How 'Black Swan' Suddenly Became a Best Picture Contender
The Natalie Portman film is raising its profile ahead of an expanded release at the box office next weekend.
Broad sellouts in limited release and early awards-season acclaim suddenly have lifted Fox Searchlight's Black Swan into an Oscar best picture contender, just as the Natalie Portman starrer prepares to spread its theatrical wings wide next weekend.
Academy Award nominations won't be announced until Jan. 25, so the most immediate drama for the ballet-themed suspense thriller begins Friday, when Swan adds more than 900 playdates for more than 1,000 total engagements.

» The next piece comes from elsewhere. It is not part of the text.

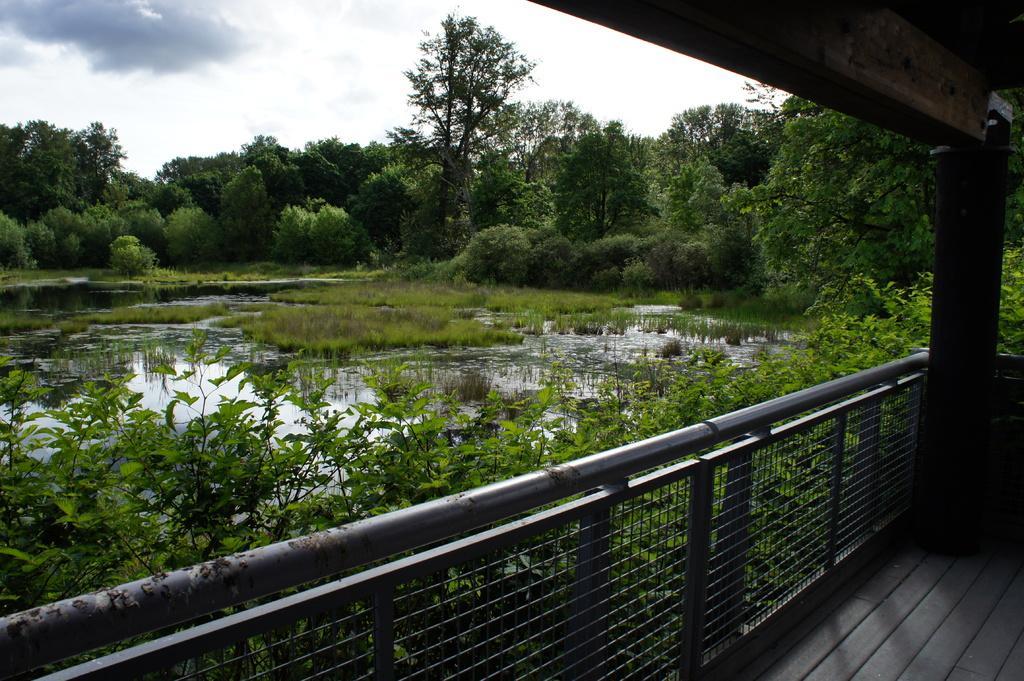Describe this image in one or two sentences. In this picture we can see many trees, plants and grass. On the right there is a wooden pillar, beside that we can see the steel fencing. On the left we can see the water. At the top we can see sky and clouds. In the bottom right corner there is a wooden floor. 
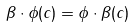Convert formula to latex. <formula><loc_0><loc_0><loc_500><loc_500>\beta \cdot \phi ( c ) = \phi \cdot \beta ( c )</formula> 
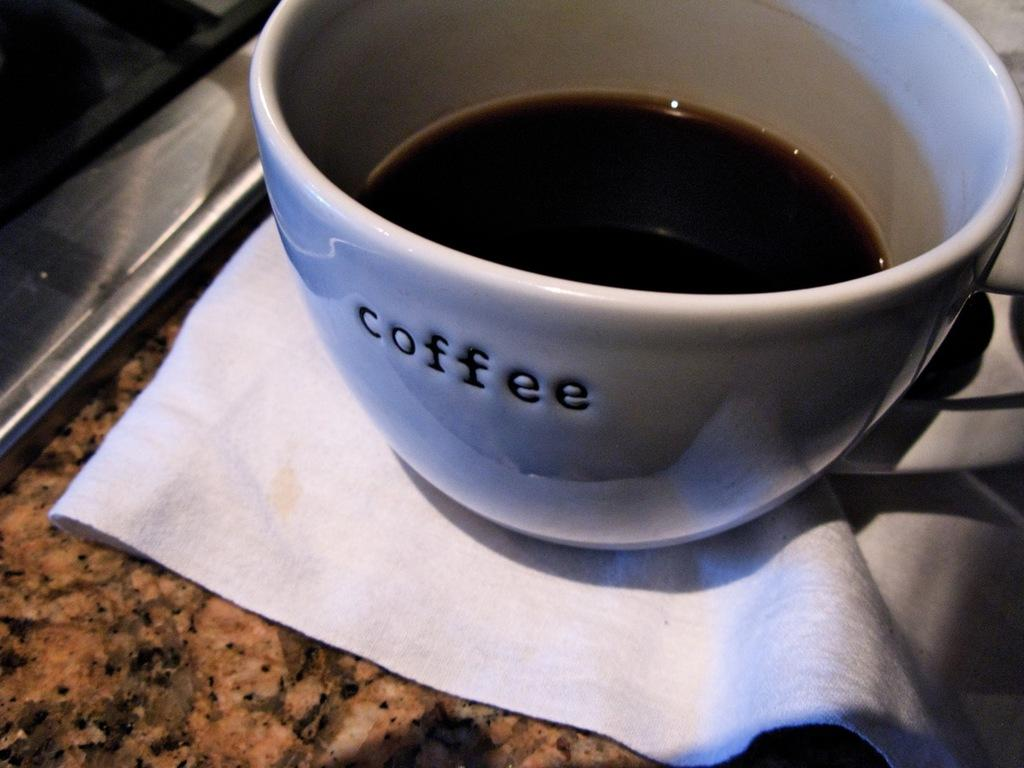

Toting $5.6 million in cumulative box office through two frames in limited release, Swan last weekend collected $3.3 million from just 90 domestic locations for an auspicious $37,000 theater average.
Set in the competitive world of professional ballet, Swan was directed by Darren Aronofsky (The Wrestler) with co-stars including Mila Kunis, Vincent Cassel and Barbara Hershey.
"We knew it was challenging subject matter, but we made a bet on Darren Aronofsky and Natalie Portman," Searchlight co-topper Steve Gilulua said Monday. "What's been a very pleasant surprise is that is seems to be resonating with a broader audience so early."
Swan has been playing to audiences skewing about 55% female. "We keep hearing anecdotally about women who have seen it two or three times already," Gilula said.
Meantime, the American Film Institute named Swan one of 2010's 10 best movies during the weekend. That should bolter its Oscar credentials ahead of the Academy's 10 best picture nominations, though AFI considers only American productions and thus relegated much-praised British drama The King's Speech to a special award.
Also during the weekend, members of the Broadcast Film Critics Assn. swooned for Swan with a record 12 Critics' Choice Movie Awards nominations in categories including best picture. The one-two kudos coup, combined with another big weekend of limited play, sets Swan up nicely to draught off of its critical praise at the box office and simultaneously bolster its awards prospects by displaying even clearer commercial traction.
Searchlight has made a habit of combining mass appeal with critical praise.
The Fox specialty unit secured an Oscar best picture win with 2008's Slumdog Millionaire, a gritty but entertaining Indian drama that rang up $141.3 million domestically. Searchlight's 2007 dramatic comedy Juno similarly boasted a critical and commercial combo when it was included among the Academy's then five-film list of best-picture nominees.
Juno lost the best-picture statuette to Miramax's No Country for Old Men, which had broad critical support but considerably less commercial success than Juno (though more than last year's Oscar best pic, The Hurt Locker, a mere $16.4 million domestic grosser). Searchlight also drew best-picture noms for 2006's Little Miss Sunshine and 2005's Sideways.
Swan's first weekend in wide release should produce a three-day sum well into the low double-digit millions. Depending on its screen average, Swan could even compete for third on the frame behind big-budgeted wide openers Tron: Legacy from Disney and Yogi Bear from Warner Bros. -- whose productions costs each ran more than 10 times the estimated $13 million spent on Swan.
"That's unusual for us," Gilula said. "We do alternative film, and sometimes we are fortunate when they cross over to mainstream audiences. But our main goal is to bring to market films that are different. Some times they do cross over."